SELECT and MODIFY on all tables registered as Immuta data sources so that the system account user can grant and revoke access to tables and apply Unity Catalog row- and column-level security controls.
USE CATALOG on the system catalog for native query audit.
USE SCHEMA on the system.access schema for native query audit.
SELECT on the following system tables for native query audit:
system.access.audit
system.access.table_lineage
system.access.column_lineage
Before you configure the Databricks Unity Catalog integration, ensure that you have fulfilled the following requirements:
Unity Catalog metastore created and attached to a Databricks workspace.
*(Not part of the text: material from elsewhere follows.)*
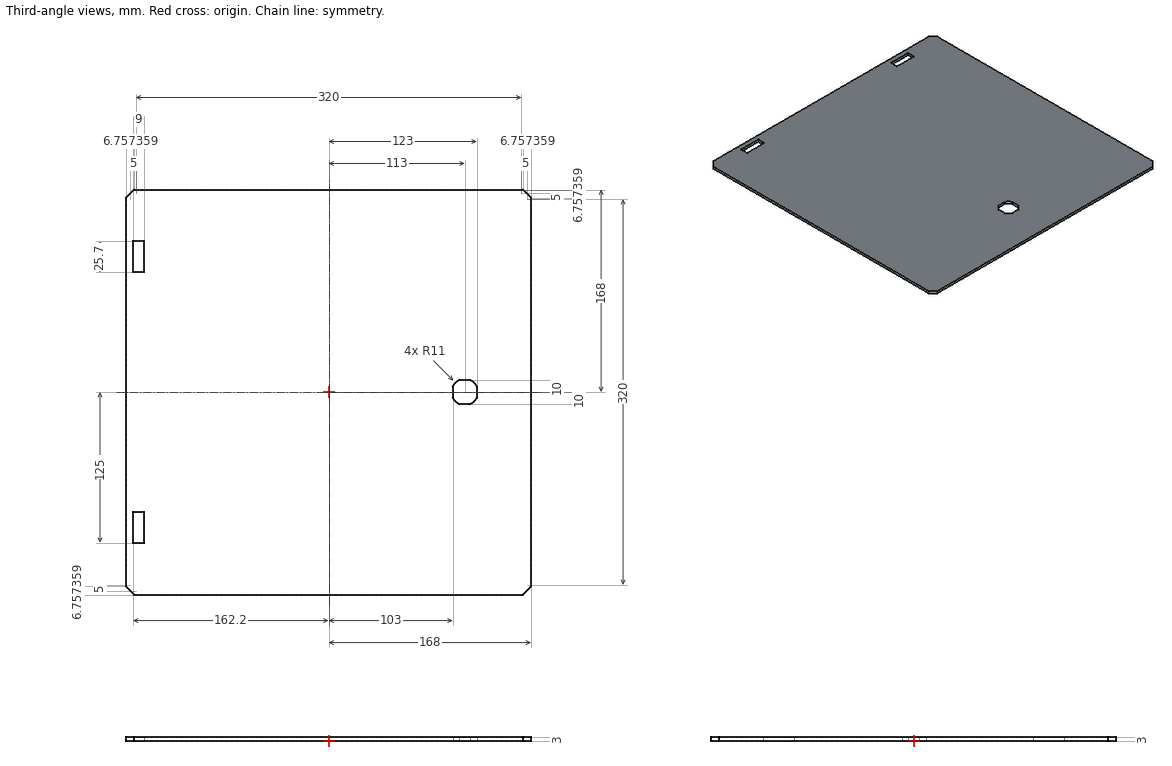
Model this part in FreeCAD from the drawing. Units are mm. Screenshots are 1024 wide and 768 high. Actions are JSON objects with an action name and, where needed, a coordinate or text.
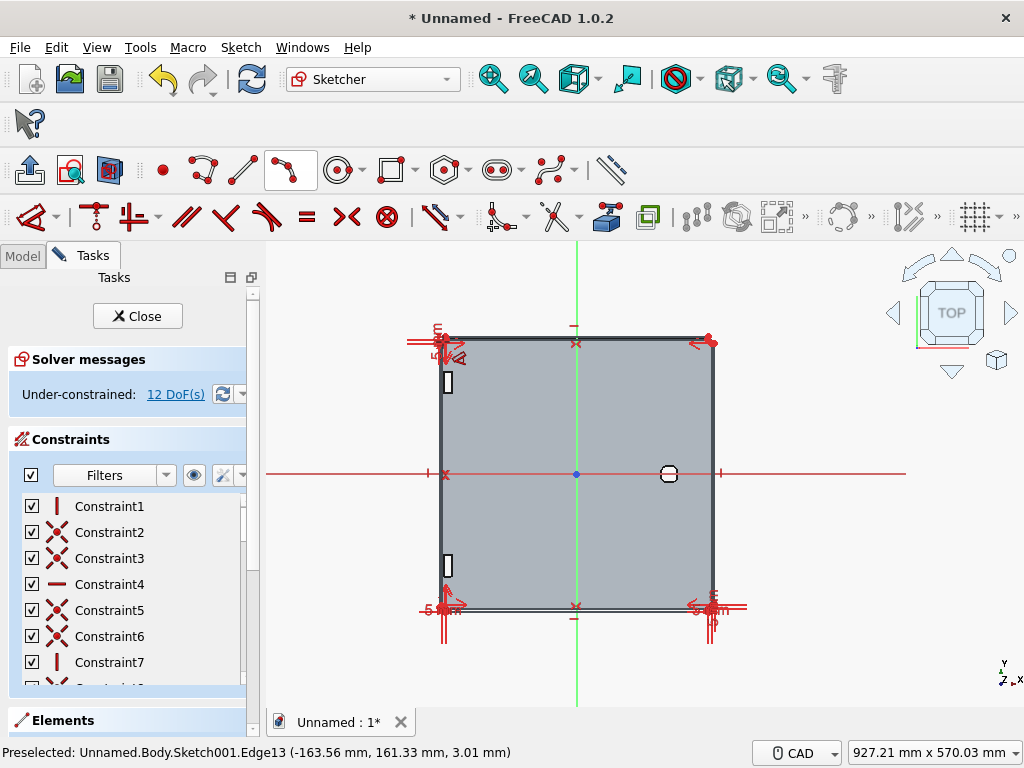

Immuta supports configuring a single metastore for each configured integration, and that metastore may be attached to multiple Databricks workspaces.
Unity Catalog enabled on your Databricks cluster or SQL warehouse. All SQL warehouses have Unity Catalog enabled if your workspace is attached to a Unity Catalog metastore. Immuta recommends linking a SQL warehouse to your Immuta instance rather than a cluster for both performance and availability reasons.
Personal access token generated for the user that Immuta will use to manage policies in Unity Catalog.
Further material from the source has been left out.